> WHAT THE TASK ASKS
Each line that holds the string "roll" counts once. Say how many such lines the entries have, giving the number only.

*** Opening of RECORD SET ***

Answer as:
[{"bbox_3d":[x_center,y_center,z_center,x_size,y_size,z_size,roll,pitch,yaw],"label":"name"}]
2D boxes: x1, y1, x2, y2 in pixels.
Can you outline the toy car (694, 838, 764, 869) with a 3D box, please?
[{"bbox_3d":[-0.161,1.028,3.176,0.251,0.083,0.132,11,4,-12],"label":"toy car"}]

*** Close of RECORD SET ***
*** Opening of RECORD SET ***

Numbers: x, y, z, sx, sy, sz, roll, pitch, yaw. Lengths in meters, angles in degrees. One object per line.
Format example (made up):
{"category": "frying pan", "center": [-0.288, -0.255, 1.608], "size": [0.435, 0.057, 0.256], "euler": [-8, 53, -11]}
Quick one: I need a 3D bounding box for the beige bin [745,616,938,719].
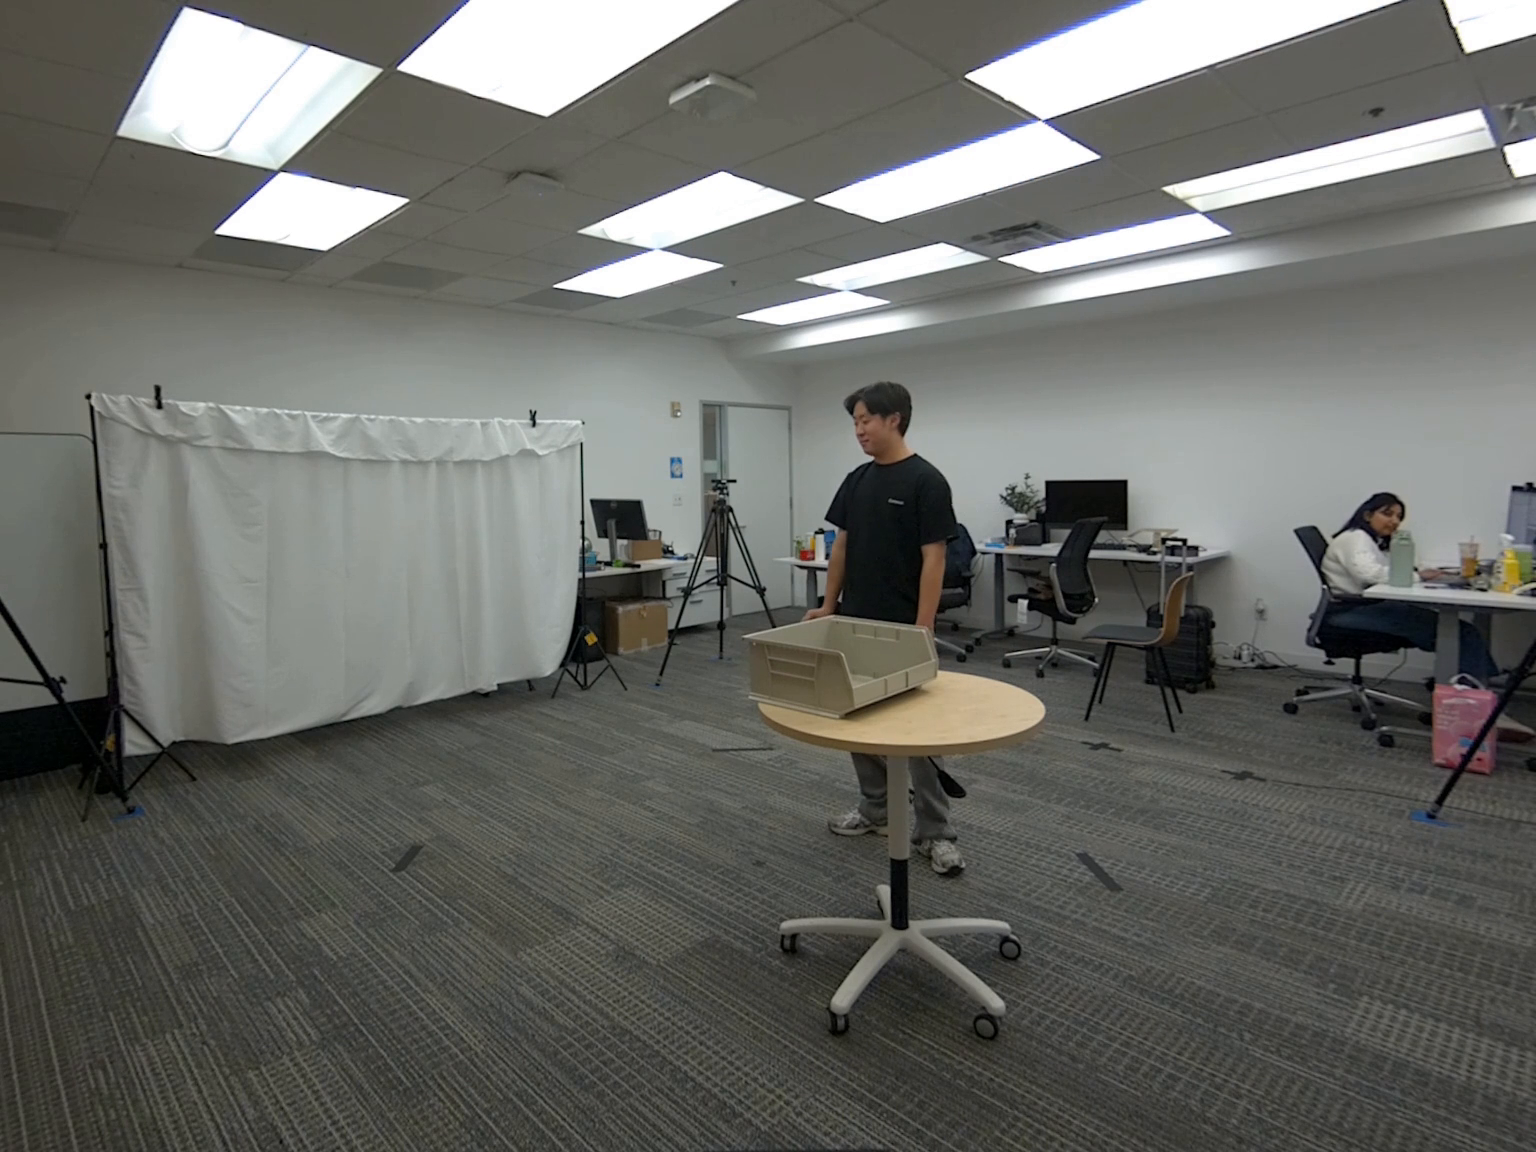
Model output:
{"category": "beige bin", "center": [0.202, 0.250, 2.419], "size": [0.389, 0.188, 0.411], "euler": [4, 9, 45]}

*** Close of RECORD SET ***

> TASK ANSWER
2